O ministro da Economia, Paulo Guedes, perdeu estatura. Ele não é mais uma unanimidade na Faria Lima, importante avenida de São Paulo que concentra as maiores instituições do mercado financeiro e seus operadores, apelidados de “farialimers”. A credibilidade do “Posto Ipiranga” — que foi o fiador da candidatura do presidente Jair Bolsonaro junto ao meio empresarial — estava desgastada desde o fim de 2019, quando Guedes não entregou o que prometeu da agenda liberal que mudaria o país. Agora, ela está ruindo, especialmente após o chefe da equipe econômica defender, nesta semana, uma proposta de emenda à Constituição (PEC) para parcelar por 10 anos o pagamento de precatórios da União (dívidas judiciais sobre as quais não cabe mais recurso). De acordo com especialistas da área jurídica, a medida é inconstitucional e deve piorar a imagem do país junto aos credores e investidores internacionais.

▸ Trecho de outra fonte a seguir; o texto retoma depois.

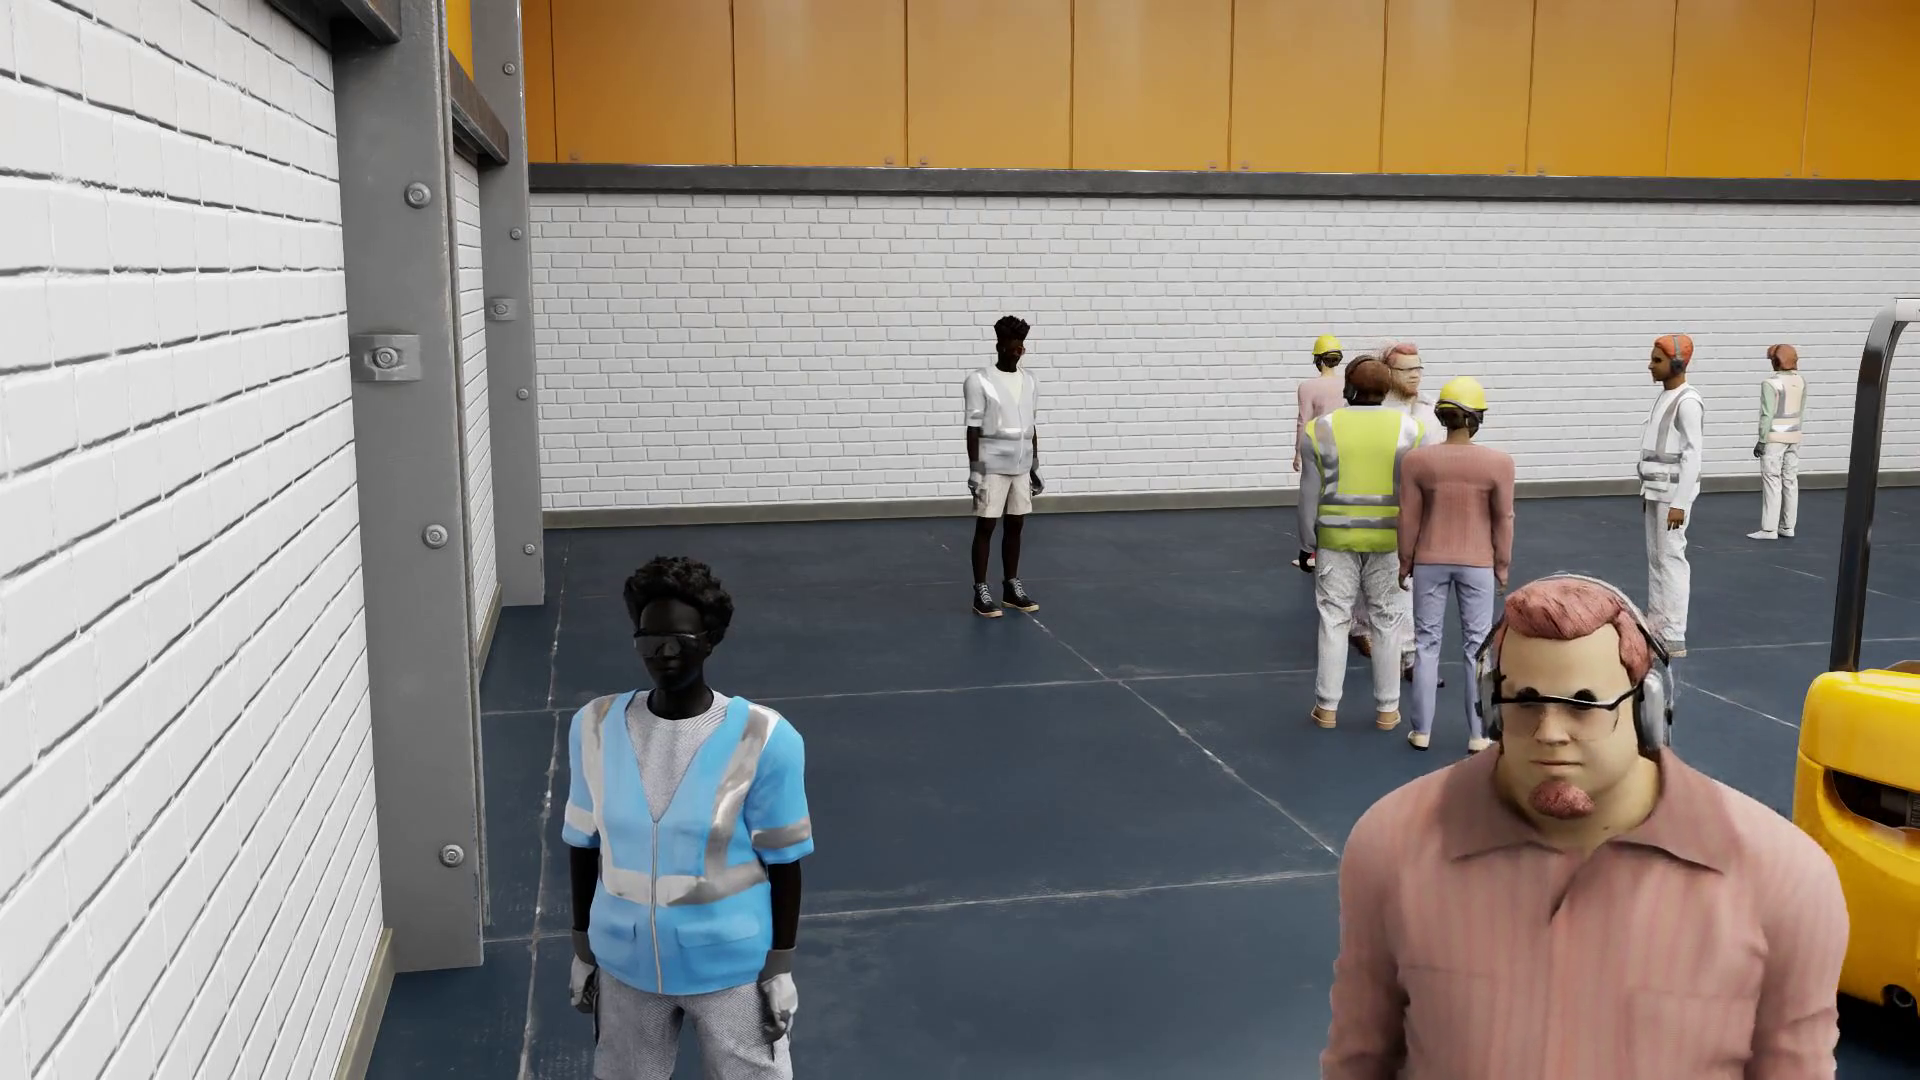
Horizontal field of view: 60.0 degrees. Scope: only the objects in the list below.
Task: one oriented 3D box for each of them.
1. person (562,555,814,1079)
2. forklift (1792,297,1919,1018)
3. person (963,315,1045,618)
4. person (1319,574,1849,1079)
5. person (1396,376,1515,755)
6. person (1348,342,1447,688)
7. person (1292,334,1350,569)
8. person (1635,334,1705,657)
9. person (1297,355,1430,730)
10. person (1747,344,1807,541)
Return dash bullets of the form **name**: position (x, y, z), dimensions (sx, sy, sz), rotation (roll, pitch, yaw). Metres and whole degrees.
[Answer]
- **person**: position (-0.568, 0.868, 3.426), dimensions (0.537, 1.700, 0.317), rotation (2, 10, 12)
- **forklift**: position (3.542, 0.334, 5.177), dimensions (2.313, 2.155, 1.214), rotation (-9, 13, -43)
- **person**: position (0.298, -0.482, 10.865), dimensions (0.602, 1.958, 0.380), rotation (-7, 12, -37)
- **person**: position (0.812, 0.964, 2.264), dimensions (0.660, 1.886, 0.546), rotation (4, 10, 25)
- **person**: position (2.306, 0.121, 7.781), dimensions (0.526, 1.765, 0.329), rotation (3, 10, 20)
- **person**: position (2.446, -0.176, 9.306), dimensions (0.636, 1.867, 0.985), rotation (-5, 11, -27)
- **person**: position (2.748, -0.664, 12.564), dimensions (0.525, 1.769, 0.315), rotation (-4, 10, -23)
- **person**: position (4.125, -0.255, 9.718), dimensions (0.343, 1.879, 0.585), rotation (1, 9, 7)
- **person**: position (1.972, 0.017, 8.168), dimensions (0.633, 1.846, 0.429), rotation (1, 9, 9)
- **person**: position (6.814, -0.809, 13.837), dimensions (0.522, 1.636, 0.310), rotation (-5, 11, -28)
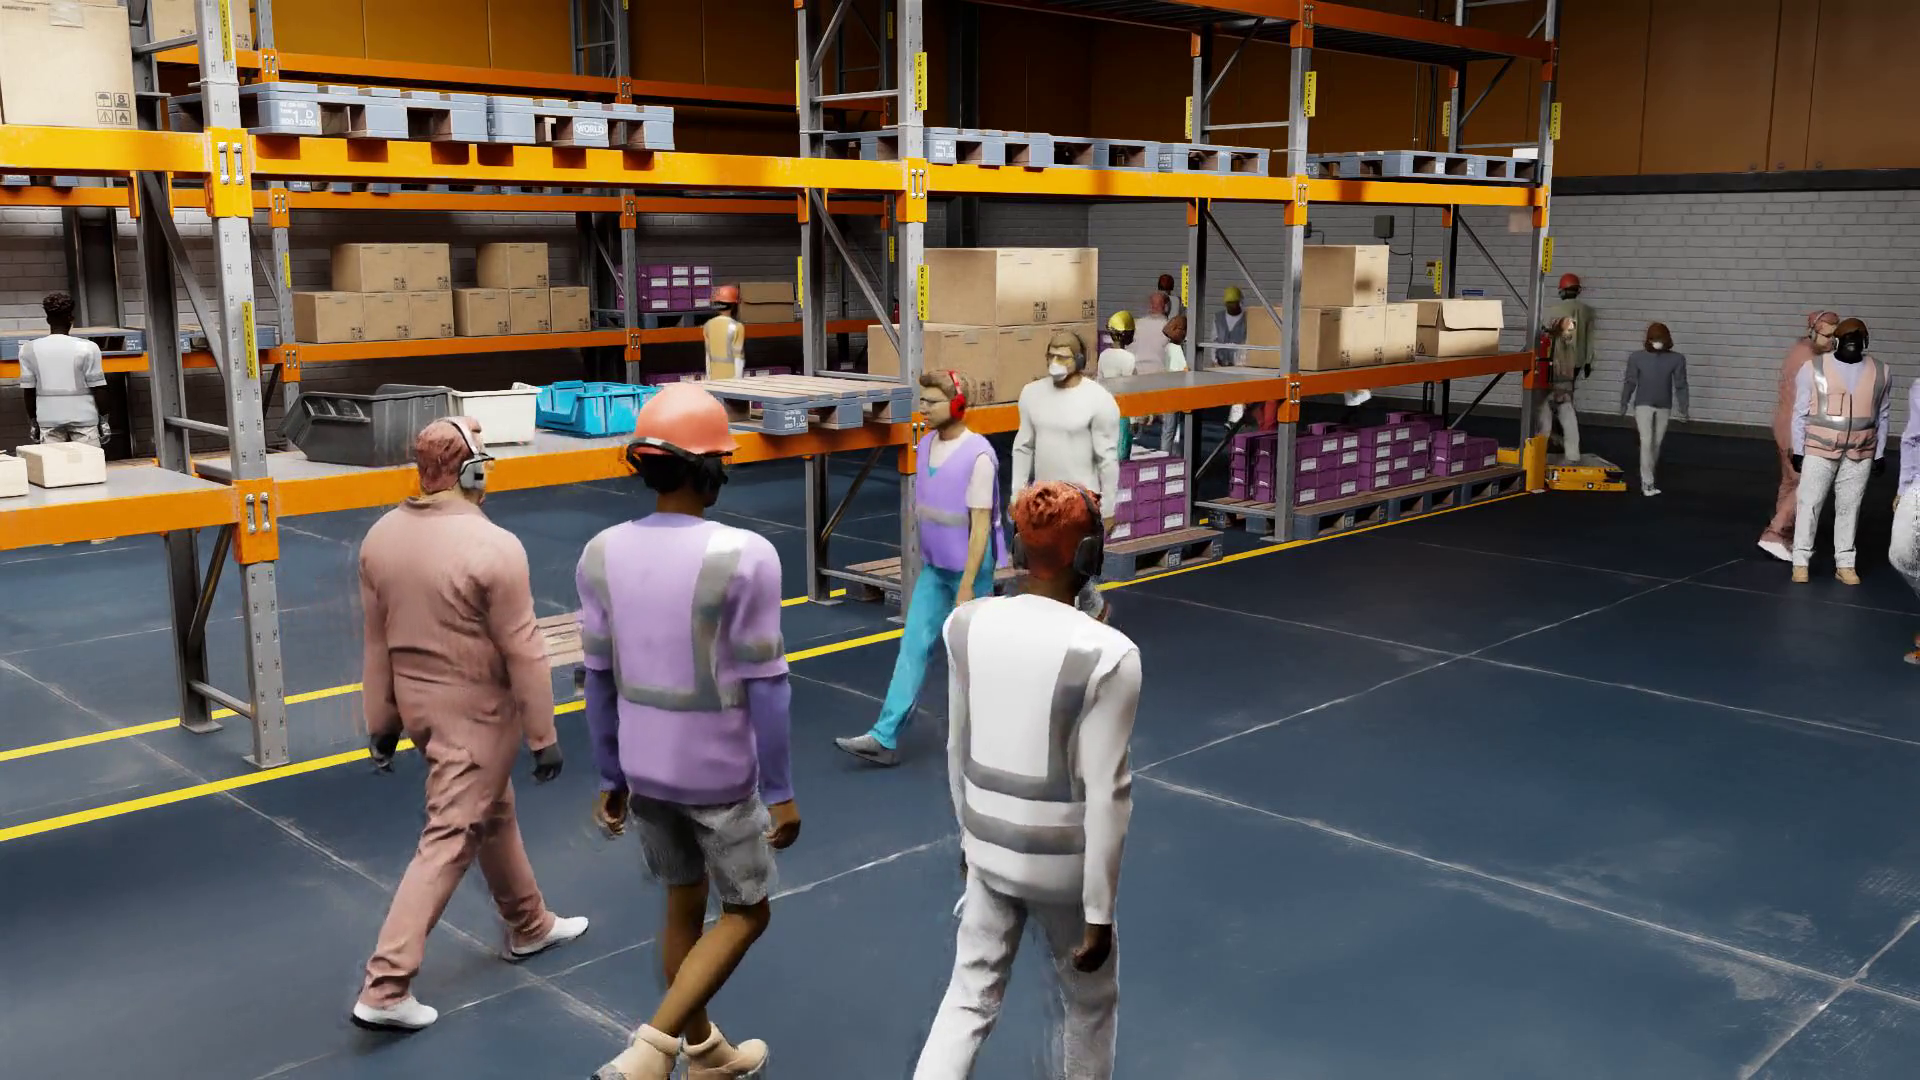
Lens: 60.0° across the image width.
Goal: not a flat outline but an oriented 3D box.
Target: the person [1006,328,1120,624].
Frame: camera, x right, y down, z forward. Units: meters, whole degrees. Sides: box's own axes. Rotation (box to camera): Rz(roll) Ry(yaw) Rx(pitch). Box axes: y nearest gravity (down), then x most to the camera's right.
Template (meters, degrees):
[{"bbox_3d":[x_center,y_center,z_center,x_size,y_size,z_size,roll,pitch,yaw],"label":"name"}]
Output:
[{"bbox_3d":[0.642,-0.239,9.335,0.634,1.910,0.903,9,14,41],"label":"person"}]

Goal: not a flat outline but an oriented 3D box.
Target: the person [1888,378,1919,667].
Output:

Apesar de Guedes tentar justificar o calote institucionalizado porque houve um aumento surpreendente no volume dos precatórios — de R$ 54 bilhões, em 2021, para R$ 90 bilhões, em 2022 —, a PEC está sendo vista como uma medida desesperada do governo para encontrar as receitas que atendam as demandas eleitoreiras de Bolsonaro, que nunca foi um liberal, e dos aliados do Centrão, que tomou conta do governo. A frase de Guedes para defender a mudança na Constituição — “Devo, não nego e pagarei assim que puder” — foi muito mal recebida pelo mercado financeiro, principalmente pelos detentores dos títulos da dívida pública.

A cereja do bolo dessa confusão é a crise institucional provocada por Bolsonaro, que não para de atacar o Supremo Tribunal Federal (STF), o que gera ainda mais preocupação, um cenário em que o risco fiscal voltou ao radar do mercado, provocando alta do dólar e dos juros futuros. As promessas de um Bolsa Família robusto, de subsídio para o diesel e o gás, de tentativas de criar fundo com recursos não recorrentes para cobrir despesas permanentes, estão deixando muita gente de cabelo em pé. Uma coisa é buscar programas para socorrer a população mais vulnerável, outra é criar um monte de despesas para atrair votos em 2022, sem apresentar fontes permanentes de receita, colocando em risco a única âncora fiscal que os agentes financeiros ainda confiam — o teto de gastos (emenda constitucional que limita o aumento das despesas do governo à inflação anterior).

“O mercado está bastante dividido. A questão dos precatórios chama a atenção e precisa ser mais bem conduzida”, destacou um economista de uma gestora que pediu anonimato. “Há muito ruído, e a impressão é de que o Ministério da Economia está perdendo a liderança da pauta no Congresso”, acrescentou. Outro economista que trabalha em um banco da Faria Lima e que sempre apoiou o superministro, reconheceu que a preocupação é crescente, especialmente em relação à crise institucional. “Os atritos entre as instituições estão atingindo níveis mais preocupantes. Isso tumultua o cenário e encurta o horizonte, aumenta os prêmios de risco e dificulta a recuperação do país, bem no momento em que a vacinação engrenou e poderia estar ajudando a melhorar as perspectivas de investimentos e de retomada da economia”, lamentou.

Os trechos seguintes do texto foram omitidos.